Хорошо сформулировано, ИМХО.
IMO it's the bubble being re-inflated by cheap interest rates/easy money policy. If interest rates are now 33% cheaper than they were before, the payments on a similarly price house might be 20% to 30% cheaper depending on the length of the mortgage.
I'm taking numbers out of thin air (+/-) because I want to voice the idea without spending time researching exact interest rate comparisons, etc. etc.
So the result is that folks renewing mortgages now pay a lot less, folks buying houses now pay a lot less, and the upper price limit of what people could afford to pay for a house has increases substantially because the payments are cheaper.
It looks like the housing boom is in the early stages of being re-ignited with interest rates that are low enough to counter a bit of a damper created by rising unemployment.
We all know how the last easy money/cheap interest rates boom ended.
The last boom only ended because governments started to try to increase interest rates to more reasonable levels in order to stave off future inflation.
Taking into consideration that they know what that did, and how it would be even more devastating this time around, there will be enormous political pressure to keep interest rates low, so interest rates will stay low for quite some time and the threat of future inflation will be ignored.
Once inflation starts to ramp up, political pressure will very slowly start to build to address it. It will require a significant amount of pressure in order for action to be taken, since the number of people owing massive amounts of debt will be even greater than before. And these people vote.
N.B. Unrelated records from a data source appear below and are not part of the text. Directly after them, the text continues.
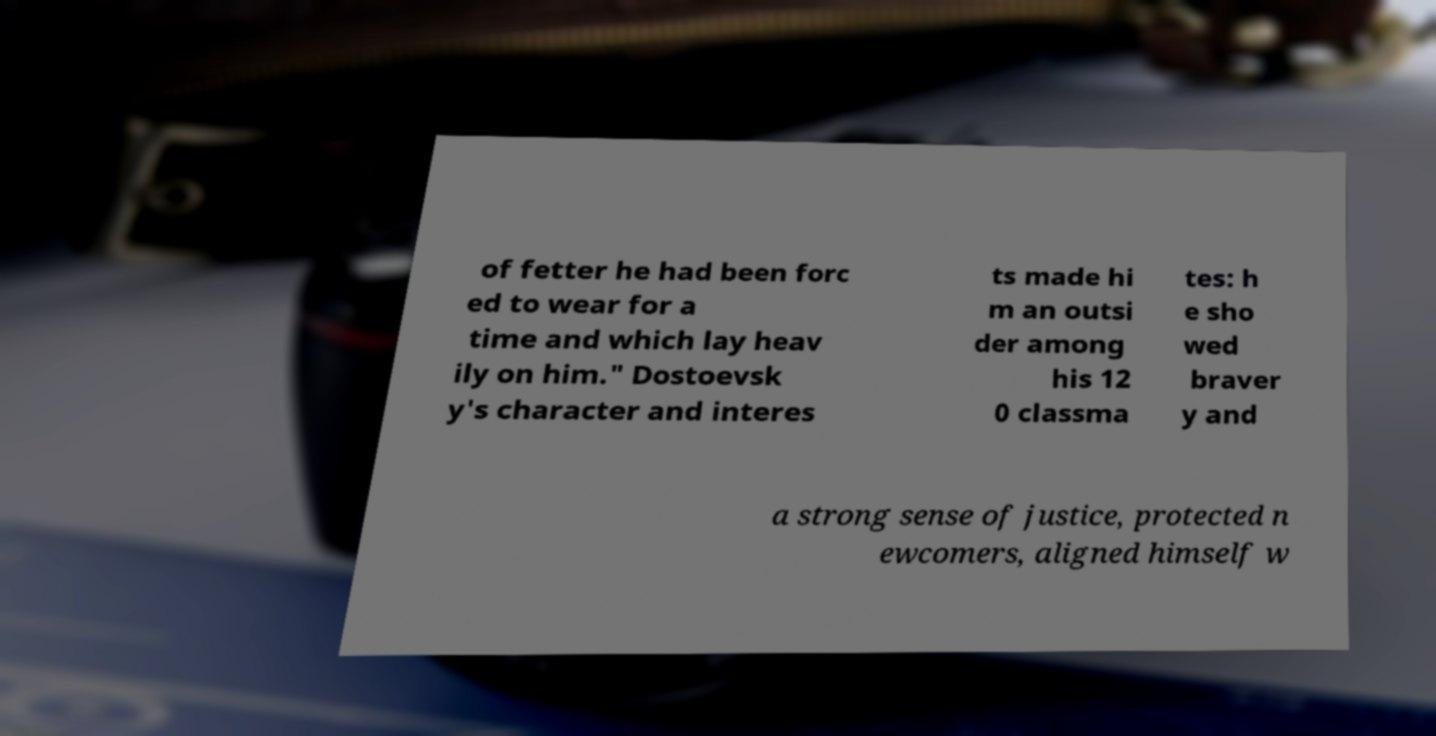For documentation purposes, I need the text within this image transcribed. Could you provide that? of fetter he had been forc ed to wear for a time and which lay heav ily on him." Dostoevsk y's character and interes ts made hi m an outsi der among his 12 0 classma tes: h e sho wed braver y and a strong sense of justice, protected n ewcomers, aligned himself w 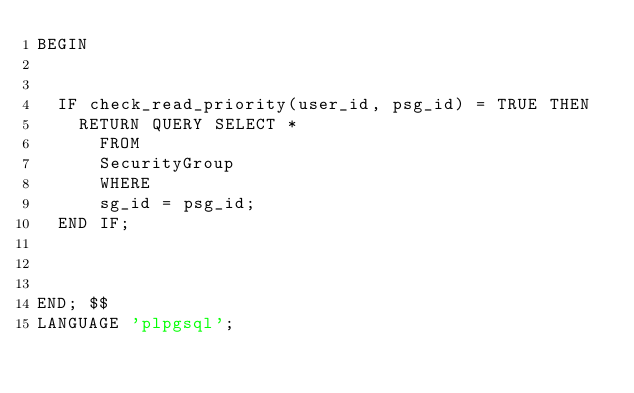Convert code to text. <code><loc_0><loc_0><loc_500><loc_500><_SQL_>BEGIN
	
	
	IF check_read_priority(user_id, psg_id) = TRUE THEN 
		RETURN QUERY SELECT *
			FROM
			SecurityGroup
			WHERE
			sg_id = psg_id;
	END IF;

	
	
END; $$
LANGUAGE 'plpgsql';
</code> 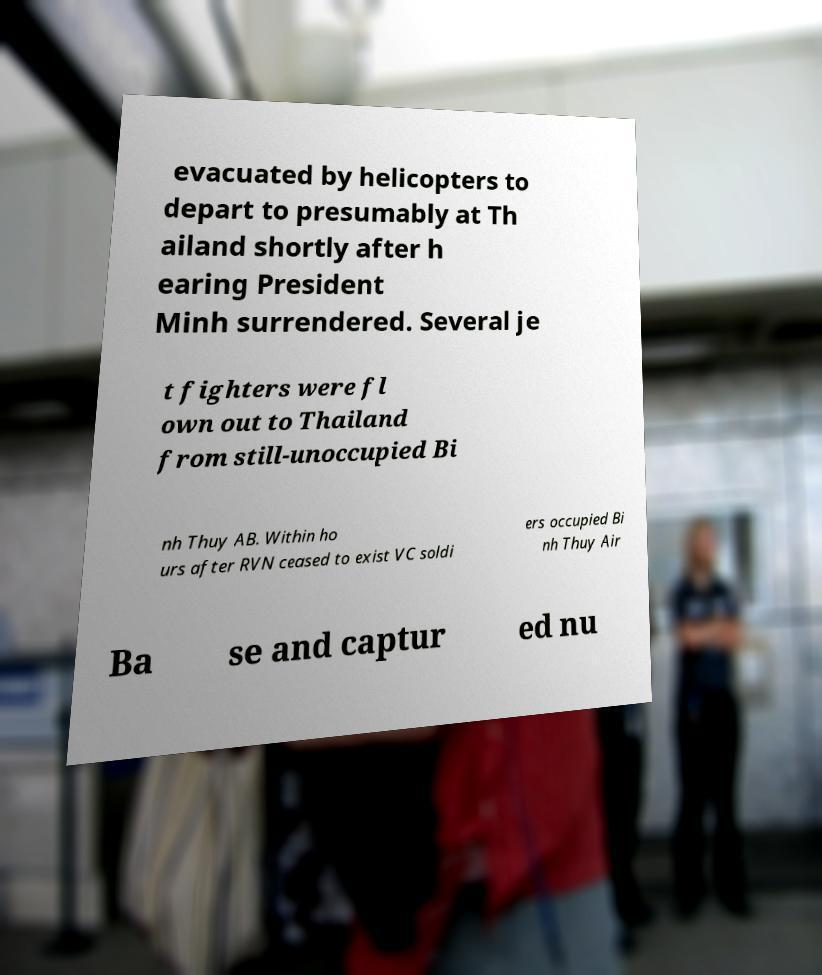Could you assist in decoding the text presented in this image and type it out clearly? evacuated by helicopters to depart to presumably at Th ailand shortly after h earing President Minh surrendered. Several je t fighters were fl own out to Thailand from still-unoccupied Bi nh Thuy AB. Within ho urs after RVN ceased to exist VC soldi ers occupied Bi nh Thuy Air Ba se and captur ed nu 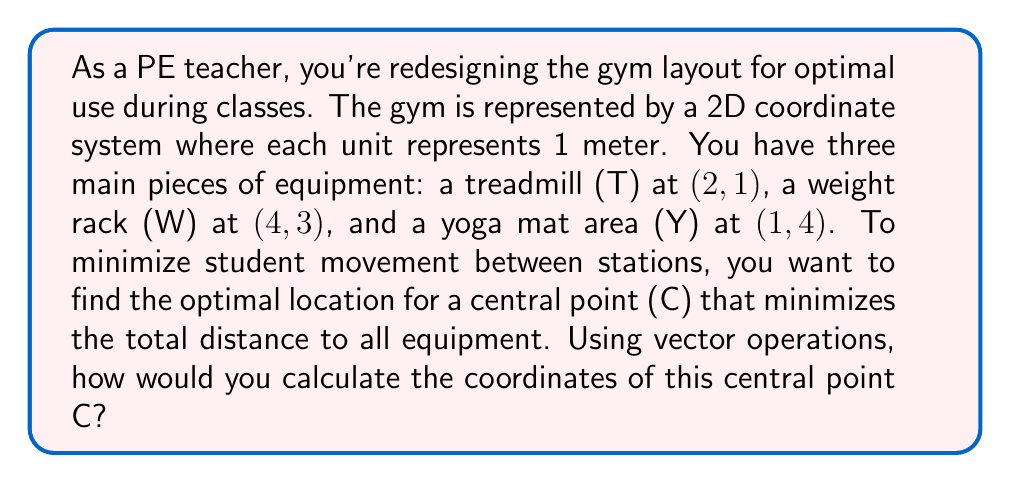Provide a solution to this math problem. Let's approach this step-by-step using vector operations:

1) First, let's represent each equipment location as a vector:
   $$\vec{T} = \begin{pmatrix} 2 \\ 1 \end{pmatrix}, \vec{W} = \begin{pmatrix} 4 \\ 3 \end{pmatrix}, \vec{Y} = \begin{pmatrix} 1 \\ 4 \end{pmatrix}$$

2) The optimal central point C will be the average position of all equipment. We can calculate this using vector addition and scalar multiplication:

   $$\vec{C} = \frac{1}{3}(\vec{T} + \vec{W} + \vec{Y})$$

3) Let's perform the vector addition inside the parentheses:
   $$\vec{T} + \vec{W} + \vec{Y} = \begin{pmatrix} 2 \\ 1 \end{pmatrix} + \begin{pmatrix} 4 \\ 3 \end{pmatrix} + \begin{pmatrix} 1 \\ 4 \end{pmatrix} = \begin{pmatrix} 7 \\ 8 \end{pmatrix}$$

4) Now, we multiply this result by $\frac{1}{3}$:
   $$\vec{C} = \frac{1}{3}\begin{pmatrix} 7 \\ 8 \end{pmatrix} = \begin{pmatrix} 7/3 \\ 8/3 \end{pmatrix}$$

5) Therefore, the coordinates of the central point C are $(7/3, 8/3)$ or approximately $(2.33, 2.67)$.

This point C minimizes the total distance to all equipment, making it the most efficient location for students to move between stations during PE classes.
Answer: $(7/3, 8/3)$ 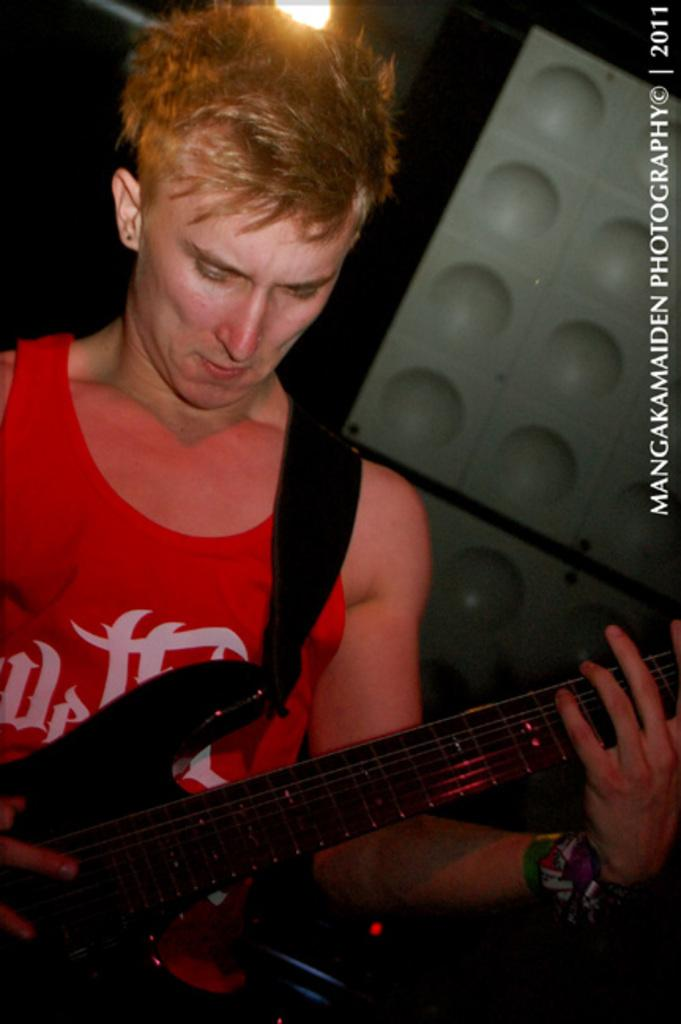What is the man in the image doing? The man is playing a guitar in the image. How is the man positioned in the image? The man is standing in the image. What is the man wearing in the image? The man is wearing a red sleeveless shirt in the image. What can be seen in the background of the image? There is a light visible in the image. What type of cork can be seen in the man's underwear in the image? There is no cork or underwear visible in the image; the man is wearing a red sleeveless shirt. Is the man playing the guitar in space in the image? There is no indication of space or any celestial bodies in the image; it appears to be an indoor setting.

So with that thought in mind, only when inflation is running rampant like wildfire, and doing excruciatingly painful harm to the population at large, will the pressure be significant enough that it will be politically feasible to raise interest rates to very high levels in order to address inflation.
И дальше - пост того же автора, еще интереснее:
Originally, I always thought that when inflation pops up, interest rates on homes, etc. will rise as well.
Now I am starting to ponder the possibility/probability that governments might increase and maintain the decoupling of interest rates on homes vs interest rates on other debt. Perhaps by buying ever increasing quantities of mortgages in a system that gradually moves to relegating banks to the role of acting purely as mortgage flippers.
The end result in that scenario would seem to be that homes that were once owned by people, financed by the populations savings and investments stored in banks and invested in mortgages, would then be owned by the government, financed by their printing press. Then I guess interest rates can be kept lower, since there's so much more money available in circulation. One of many effects of this is that people that would originally invest in savings accounts in banks that would invest in part in mortgages can no longer get good interest rates on their money.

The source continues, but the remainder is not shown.